GOAL OF THE EXERCISE » In the entries below, identify every line with the string "around" and copy it.

### EXTRACTED RECORDS

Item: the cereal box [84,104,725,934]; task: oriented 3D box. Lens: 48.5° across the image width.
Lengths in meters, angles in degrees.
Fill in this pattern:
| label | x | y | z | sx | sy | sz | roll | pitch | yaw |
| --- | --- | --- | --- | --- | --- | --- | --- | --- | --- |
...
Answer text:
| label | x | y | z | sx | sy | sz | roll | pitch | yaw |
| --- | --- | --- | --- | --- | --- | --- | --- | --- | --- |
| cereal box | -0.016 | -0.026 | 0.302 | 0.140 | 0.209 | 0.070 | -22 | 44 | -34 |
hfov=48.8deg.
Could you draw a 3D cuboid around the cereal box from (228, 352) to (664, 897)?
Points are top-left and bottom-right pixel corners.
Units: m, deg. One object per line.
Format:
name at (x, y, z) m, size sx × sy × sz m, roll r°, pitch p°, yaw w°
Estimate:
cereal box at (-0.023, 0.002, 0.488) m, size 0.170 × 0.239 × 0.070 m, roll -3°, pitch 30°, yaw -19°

######
### EXTRACTED RECORDS

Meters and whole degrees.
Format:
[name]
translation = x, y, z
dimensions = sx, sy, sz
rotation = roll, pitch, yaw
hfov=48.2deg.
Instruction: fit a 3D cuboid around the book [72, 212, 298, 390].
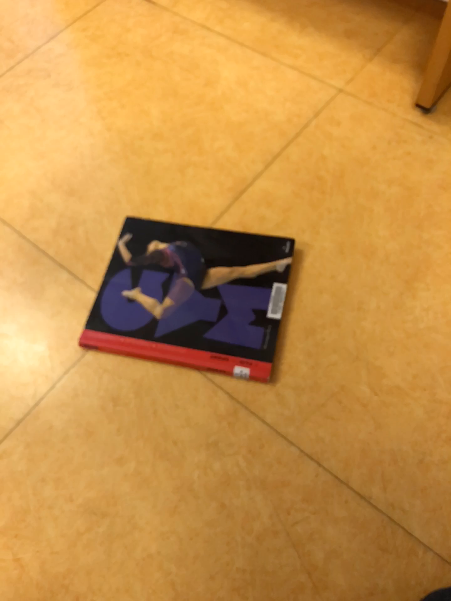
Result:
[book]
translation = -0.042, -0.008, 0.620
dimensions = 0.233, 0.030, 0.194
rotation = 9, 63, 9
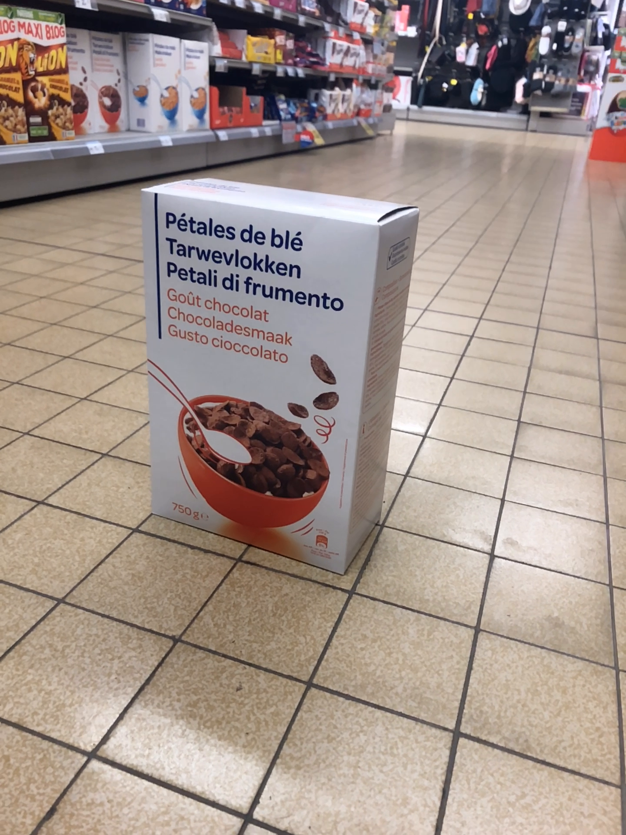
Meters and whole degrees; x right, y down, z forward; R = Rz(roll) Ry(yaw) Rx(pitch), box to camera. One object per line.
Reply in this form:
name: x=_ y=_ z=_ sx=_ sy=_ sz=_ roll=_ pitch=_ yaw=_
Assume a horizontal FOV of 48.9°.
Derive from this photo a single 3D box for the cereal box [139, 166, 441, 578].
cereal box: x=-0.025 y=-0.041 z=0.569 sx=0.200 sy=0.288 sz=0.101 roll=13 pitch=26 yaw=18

######

YOUR RESPONSE »
Could you draw a 3D cuboid around the cereal box from (228, 352) to (664, 897)?
Instruction: fit a 3D cuboid around the book [72, 212, 298, 390].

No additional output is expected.